Your assignment: When you reach the line containing "- bowl [368,270,485,372]" in the records below, start copying exactly, and stop once you have copied the line containing "- scale [525,257,702,375]".

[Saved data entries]
[Start of section]
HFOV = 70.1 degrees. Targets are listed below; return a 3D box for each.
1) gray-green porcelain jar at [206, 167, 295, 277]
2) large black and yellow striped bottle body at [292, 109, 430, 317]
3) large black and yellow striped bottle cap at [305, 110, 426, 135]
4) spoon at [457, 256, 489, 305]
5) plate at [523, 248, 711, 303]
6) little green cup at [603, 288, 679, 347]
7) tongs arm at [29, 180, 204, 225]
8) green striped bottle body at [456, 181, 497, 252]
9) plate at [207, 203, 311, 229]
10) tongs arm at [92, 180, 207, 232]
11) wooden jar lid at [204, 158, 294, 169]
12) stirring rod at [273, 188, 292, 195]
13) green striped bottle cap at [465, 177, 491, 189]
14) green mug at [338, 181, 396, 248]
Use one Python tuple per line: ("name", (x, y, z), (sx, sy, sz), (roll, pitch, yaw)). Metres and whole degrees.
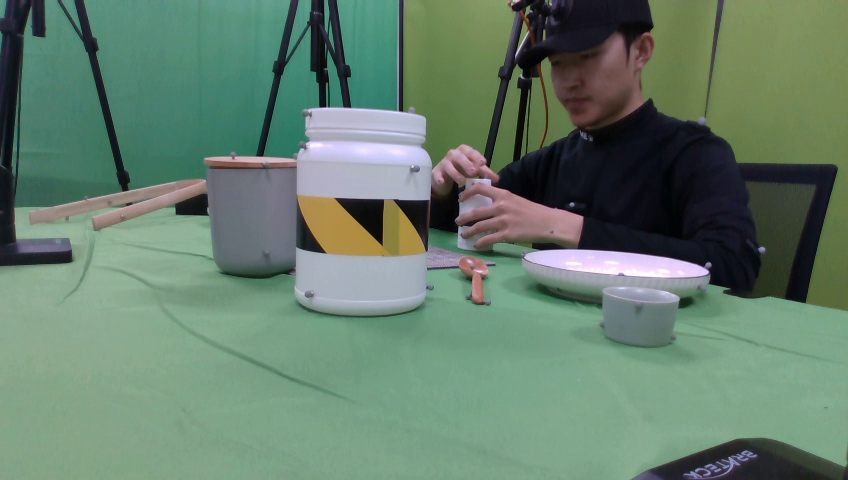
("gray-green porcelain jar", (-0.201, -0.024, 0.724), (0.106, 0.126, 0.106), (-1, 9, 1))
("large black and yellow striped bottle body", (-0.060, -0.028, 0.585), (0.131, 0.184, 0.130), (3, 7, 0))
("large black and yellow striped bottle cap", (-0.055, -0.110, 0.574), (0.115, 0.019, 0.115), (1, 7, 0))
("spoon", (0.059, 0.044, 0.696), (0.041, 0.021, 0.193), (22, 7, 0))
("plate", (0.219, 0.041, 0.706), (0.209, 0.038, 0.209), (2, 7, 0))
("little green cup", (0.180, 0.064, 0.505), (0.061, 0.038, 0.061), (2, 7, 0))
("tongs arm", (-0.609, -0.083, 1.245), (0.050, 0.026, 0.386), (5, 16, 23))
("green striped bottle body", (0.090, -0.043, 1.023), (0.063, 0.119, 0.063), (4, 8, 0))
("plate", (-0.342, -0.050, 1.259), (0.208, 0.039, 0.207), (3, 7, 0))
("tongs arm", (-0.534, -0.076, 1.221), (0.028, 0.028, 0.388), (-2, 15, 12))
("wooden jar lid", (-0.202, -0.086, 0.714), (0.108, 0.020, 0.108), (3, 11, 0))
("stirring rod", (-0.354, -0.122, 1.519), (0.006, 0.014, 0.176), (2, 6, 1))
("green striped bottle cap", (0.091, -0.095, 1.017), (0.044, 0.020, 0.044), (2, 6, 0))
("green mug", (-0.097, -0.044, 0.995), (0.093, 0.105, 0.125), (-1, 8, -21))
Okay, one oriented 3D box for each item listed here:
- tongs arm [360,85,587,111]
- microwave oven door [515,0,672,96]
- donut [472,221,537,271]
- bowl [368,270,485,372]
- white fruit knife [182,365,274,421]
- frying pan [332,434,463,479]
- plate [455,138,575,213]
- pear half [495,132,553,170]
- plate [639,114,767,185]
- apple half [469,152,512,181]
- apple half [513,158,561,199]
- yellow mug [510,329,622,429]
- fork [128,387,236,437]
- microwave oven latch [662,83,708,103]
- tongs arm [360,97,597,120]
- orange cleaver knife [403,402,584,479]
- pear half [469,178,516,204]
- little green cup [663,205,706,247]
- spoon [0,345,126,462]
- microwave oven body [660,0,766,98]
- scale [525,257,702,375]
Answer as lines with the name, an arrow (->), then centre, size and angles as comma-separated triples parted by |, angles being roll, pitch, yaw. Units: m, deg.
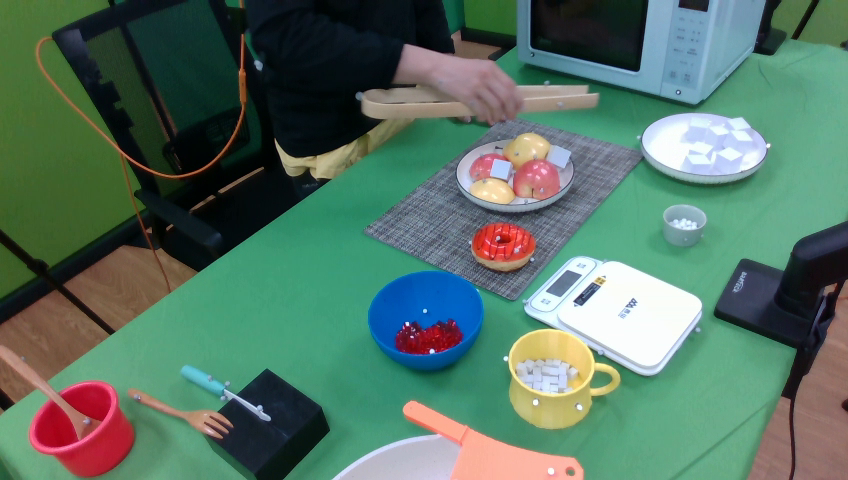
tongs arm -> 0.089, -0.231, 0.990 | 0.386, 0.026, 0.050 | -2, 41, -8
microwave oven door -> 0.343, -0.454, 1.259 | 0.353, 0.245, 0.039 | 26, 51, 33
donut -> 0.123, 0.008, 0.923 | 0.099, 0.048, 0.098 | -3, 38, 3
bowl -> 0.007, 0.118, 0.791 | 0.151, 0.077, 0.150 | -5, 39, 4
white fruit knife -> -0.245, 0.188, 0.747 | 0.205, 0.027, 0.016 | 9, 41, 41
frying pan -> -0.089, 0.306, 0.564 | 0.487, 0.103, 0.306 | 10, 41, 7
plate -> 0.159, -0.111, 1.063 | 0.209, 0.038, 0.208 | -4, 40, 4
pear half -> 0.174, -0.168, 1.094 | 0.109, 0.056, 0.076 | 15, 54, 30
plate -> 0.489, -0.157, 1.074 | 0.207, 0.039, 0.206 | -4, 40, 4
apple half -> 0.120, -0.139, 1.088 | 0.081, 0.033, 0.081 | 0, 44, 1
apple half -> 0.193, -0.111, 1.031 | 0.080, 0.053, 0.075 | 11, 40, 26
yellow mug -> 0.168, 0.164, 0.721 | 0.130, 0.064, 0.099 | 0, 40, 8
fork -> -0.305, 0.207, 0.744 | 0.206, 0.019, 0.028 | 3, 41, 36
microwave oven latch -> 0.518, -0.296, 1.204 | 0.078, 0.029, 0.030 | 28, 52, 35
tongs arm -> 0.093, -0.214, 0.970 | 0.389, 0.028, 0.028 | -4, 45, -10
orange cleaver knife -> 0.062, 0.222, 0.609 | 0.210, 0.012, 0.077 | 15, 48, 25
pear half -> 0.115, -0.090, 1.035 | 0.087, 0.031, 0.071 | 28, 38, 32
little green cup -> 0.396, -0.020, 0.926 | 0.061, 0.039, 0.061 | -4, 40, 4
spoon -> -0.434, 0.192, 0.720 | 0.194, 0.021, 0.042 | 47, 53, -6
microwave oven body -> 0.472, -0.513, 1.317 | 0.438, 0.261, 0.327 | 26, 51, 34
scale -> 0.254, 0.091, 0.821 | 0.199, 0.032, 0.149 | 27, 51, 35
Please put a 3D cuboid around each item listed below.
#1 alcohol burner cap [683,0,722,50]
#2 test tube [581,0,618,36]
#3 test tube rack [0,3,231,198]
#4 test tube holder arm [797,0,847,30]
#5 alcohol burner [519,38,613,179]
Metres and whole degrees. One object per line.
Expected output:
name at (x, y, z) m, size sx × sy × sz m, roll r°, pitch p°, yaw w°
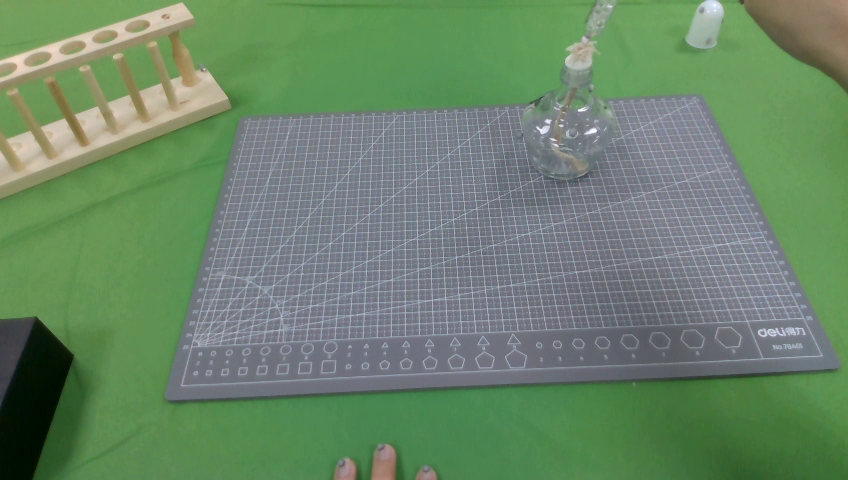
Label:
alcohol burner cap at (0.296, -0.228, 0.638) m, size 0.034 × 0.048 × 0.033 m, roll -2°, pitch 50°, yaw 3°
test tube at (0.139, -0.196, 0.386) m, size 0.017 × 0.151 × 0.017 m, roll 10°, pitch 51°, yaw -12°
test tube rack at (-0.313, -0.127, 0.552) m, size 0.242 × 0.086 × 0.066 m, roll -27°, pitch 54°, yaw -19°
test tube holder arm at (0.197, -0.166, 0.361) m, size 0.177 × 0.015 × 0.013 m, roll 38°, pitch 54°, yaw 14°
alcohol burner at (0.118, -0.109, 0.495) m, size 0.078 × 0.120 × 0.077 m, roll -1°, pitch 48°, yaw 2°
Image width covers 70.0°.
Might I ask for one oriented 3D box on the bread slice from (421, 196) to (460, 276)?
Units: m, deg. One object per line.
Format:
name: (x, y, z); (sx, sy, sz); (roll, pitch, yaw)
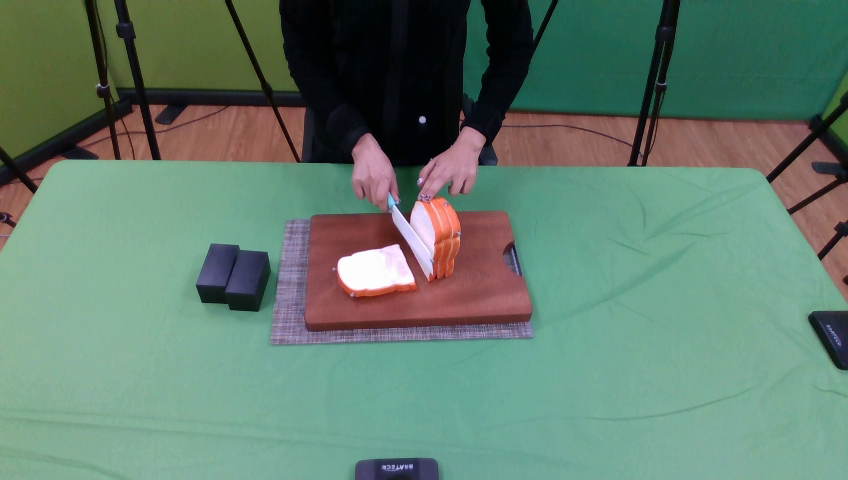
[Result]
bread slice: (0.032, -0.013, 1.100); (0.019, 0.132, 0.104); (-13, 50, -25)

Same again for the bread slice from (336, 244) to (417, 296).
bread slice: (-0.090, 0.054, 1.097); (0.134, 0.018, 0.106); (-7, 44, -16)

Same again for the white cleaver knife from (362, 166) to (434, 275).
white cleaver knife: (-0.052, -0.041, 1.118); (0.021, 0.066, 0.284); (-20, 49, -17)
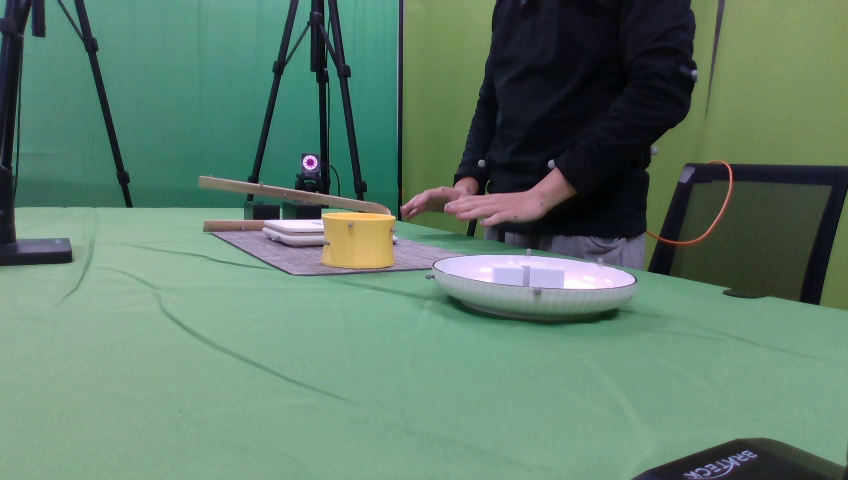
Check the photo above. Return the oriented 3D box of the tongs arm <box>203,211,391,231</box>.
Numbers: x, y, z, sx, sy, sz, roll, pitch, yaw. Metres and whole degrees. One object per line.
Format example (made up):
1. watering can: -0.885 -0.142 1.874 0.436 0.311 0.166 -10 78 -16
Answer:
1. tongs arm: -0.231 -0.035 1.185 0.390 0.028 0.028 -3 33 -33

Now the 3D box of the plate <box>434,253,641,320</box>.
1. plate: 0.114 0.047 0.625 0.208 0.039 0.207 2 7 0

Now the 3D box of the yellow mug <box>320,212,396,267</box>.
1. yellow mug: -0.089 -0.004 0.825 0.100 0.064 0.131 2 6 -2

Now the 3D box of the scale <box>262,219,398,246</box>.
1. scale: -0.160 -0.016 1.028 0.202 0.031 0.148 -1 8 -32

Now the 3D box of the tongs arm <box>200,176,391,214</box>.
1. tongs arm: -0.258 -0.084 1.245 0.387 0.026 0.050 6 32 -22
[End of section]
Answer to the exercise:
- bowl [368,270,485,372]
- white fruit knife [182,365,274,421]
- frying pan [332,434,463,479]
- plate [455,138,575,213]
- pear half [495,132,553,170]
- plate [639,114,767,185]
- apple half [469,152,512,181]
- apple half [513,158,561,199]
- yellow mug [510,329,622,429]
- fork [128,387,236,437]
- microwave oven latch [662,83,708,103]
- tongs arm [360,97,597,120]
- orange cleaver knife [403,402,584,479]
- pear half [469,178,516,204]
- little green cup [663,205,706,247]
- spoon [0,345,126,462]
- microwave oven body [660,0,766,98]
- scale [525,257,702,375]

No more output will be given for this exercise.